Website Disclosure Is Enough

The Division seems to be guiding the fund industry to inform shareholders of COVID-19-related market risks of which they might not otherwise be aware. The Statement notes that these are "unprecedented times" and recognizes that funds may face "particularized obstacles" due to COVID-19. Indeed, the SEC allowed in its March 25, 2020, Statement Regarding Prospectus Delivery that, through June 30, 2020, it will not seek enforcement against a fund that is not able to timely deliver updated prospectuses to shareholders due to COVID-19 related complications as long as the current prospectus is filed with the SEC and made available on the fund's website.
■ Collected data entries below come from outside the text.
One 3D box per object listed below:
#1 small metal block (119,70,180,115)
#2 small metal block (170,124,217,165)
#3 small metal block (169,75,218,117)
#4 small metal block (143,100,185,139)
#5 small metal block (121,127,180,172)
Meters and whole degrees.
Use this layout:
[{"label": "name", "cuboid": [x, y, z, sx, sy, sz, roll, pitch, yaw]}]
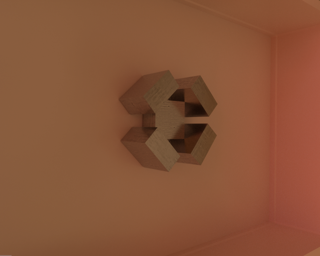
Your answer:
[{"label": "small metal block", "cuboid": [-0.013, -0.043, 0.376, 0.050, 0.050, 0.025, -49, 119, -28]}, {"label": "small metal block", "cuboid": [0.041, 0.021, 0.422, 0.025, 0.050, 0.050, 49, 60, -30]}, {"label": "small metal block", "cuboid": [0.042, -0.042, 0.422, 0.025, 0.050, 0.050, -53, 122, -28]}, {"label": "small metal block", "cuboid": [0.006, -0.011, 0.408, 0.050, 0.025, 0.050, 1, 90, -40]}, {"label": "small metal block", "cuboid": [-0.012, 0.025, 0.378, 0.025, 0.050, 0.050, -52, 120, -26]}]

Still, in its Statement, the Division underscores the "bedrock principle of making timely and relevant information available to investors."

Review of Updates by Division Not Required

The Statement is particularly important for the many funds with December 31 fiscal year ends that must update their registration statements effective May 1, 2020. Nearly one-third of all funds, and nearly all variable insurance products, have December 31 fiscal year ends. The SEC has not extended the required effective date for these post-effective amendments, so these updates should appropriately reflect COVID-19 risk and related information. Funds typically file under Rule 485(a) under the Securities Act to make material amendments to their registration statements, and file under Rule 485(b) to make routine updates and other immaterial changes. Post-effective amendments under Rule 485(b) become effective immediately; whereas the effectiveness of amendments under Rule 485(a) is delayed for 60 days to allow the Division an opportunity to review and comment on the changes. At this point, funds that must amend their registration statements by May 1 do not have the 60 days required for a Rule 485(a) filing. The Division may thus be making an implicit exception to Rule 485(a) by characterizing COVID-19 related disclosures as material and simultaneously indicating that funds updating their registration statements for May 1 should include such disclosures in their Rule 485(b) filings.

Conclusion

Funds should consult with counsel to ensure that their disclosures appropriately reflect the already experienced and potential effects of COVID-19. This is an urgent exercise not only for funds in the process of updating their disclosures for May 1, and other funds may also find it advisable to supplement their prospectus before a post-effective amendment is required.